Aldosterone introduced via osmotic pumps caused an activation or progression of several phenotypes relevant to cardiomyopathy that were all improved or prevented by vamorolone, eplerenone, and spironolactone. (A) Blood pressure was measured by tail cuff, and increased by aldosterone in both wild-type and mdx mice. (B, C) Sirius Red staining of collagen deposition was used to assay heart fibrosis, where aldosterone increased heart fibrosis specifically in mdx mice in (B) representative images and upon (C) quantification. (D) qRT-PCR of mdx heart tissue was used to assay MR-activated gene expression changes relevant to fibrosis and cardiomyopathy (n = 6 per group). (E, F) Aldosterone increased mdx heart size in (E) representative images and (F) quantitative measurement of heart mass. (G–I) Heart function was assayed by echocardiography, with (G) fractional shortening (H) left ventricular wall thickness (LV wall thickness, in millimetre) and (I) left ventricular mass (LV mass) each showing aldosterone-mediated phenotypes that improved with antagonist treatment. (n ≥ 8; †P < 0.1, *P < 0.05, **P < 0.005, ***P < 0.0005, ANOVA with post hoc versus mdx + aldosterone in red; #P < 0.05, ##P < 0.005, t test comparing WT groups; V = Vamorolone, E = Eplerenone, S = Spironolactone).

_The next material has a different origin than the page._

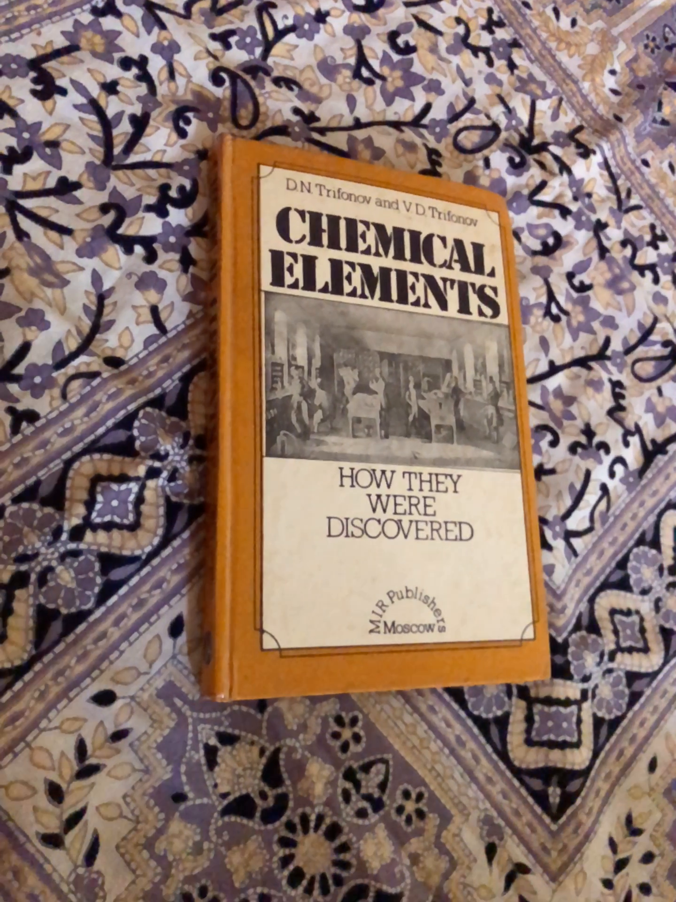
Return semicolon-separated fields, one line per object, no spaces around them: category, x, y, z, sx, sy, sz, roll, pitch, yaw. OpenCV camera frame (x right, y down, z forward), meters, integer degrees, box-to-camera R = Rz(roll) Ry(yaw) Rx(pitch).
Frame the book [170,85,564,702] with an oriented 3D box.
book;0.010;-0.022;0.296;0.140;0.030;0.220;4;75;-22

(A) Expression of the glucocorticoid-metabolizing gene Hsd11b2 was assayed by qRT-PCR in kidneys and hearts from wild-type and mdx mice. Lack of substantial expression in the heart indicated that the heart is sensitive to MR activation by prednisolone. (B) Standard mdx mice on a BL10 background were treated with vehicle, prednisolone (5 mg/kg), or vamorolone (45 mg/kg) for 4 months, beginning at 6 weeks of age. The heart was assayed for expression of MR-regulated genes via qRT-PCR and expressed as % vehicle levels (n ≥ 5). (C–G) Severe D2-mdx mice on an LTBP4 modifier background were treated for 8 weeks with daily oral vehicle, vamorolone (30 mg/kg), or prednisolone (5 mg/kg), beginning at 2 mo of age (n ≥ 9). (C, D) Kidney and heart mass at trial conclusion. Note, kidney expresses the glucocorticoid-inactivating enzyme (HSD11B2) that protects it from prednisolone, whereas the heart does not. Prednisolone increased D2-mdx heart size but not kidney size. (E, F) Echocardiography was performed near the trial endpoint. (E) Fractional shortening increased with both vamorolone and prednisolone. (F) Left ventricular volume (end diastolic) did not change with vamorolone but increased with prednisolone, consistent with premature dilatation. (G) Serum insulin levels increased with prednisolone (n ≥ 5), consistent with GR-mediated, metabolic side effects of glucocorticoids. (*P < 0.05, **P < 0.005, ***P < 0.0005; one panel B outlier removed after significant Grubbs test; (A) t test of mdx versus wild-type for each tissue, (B–G) ANOVA with post hoc versus vehicle in gray).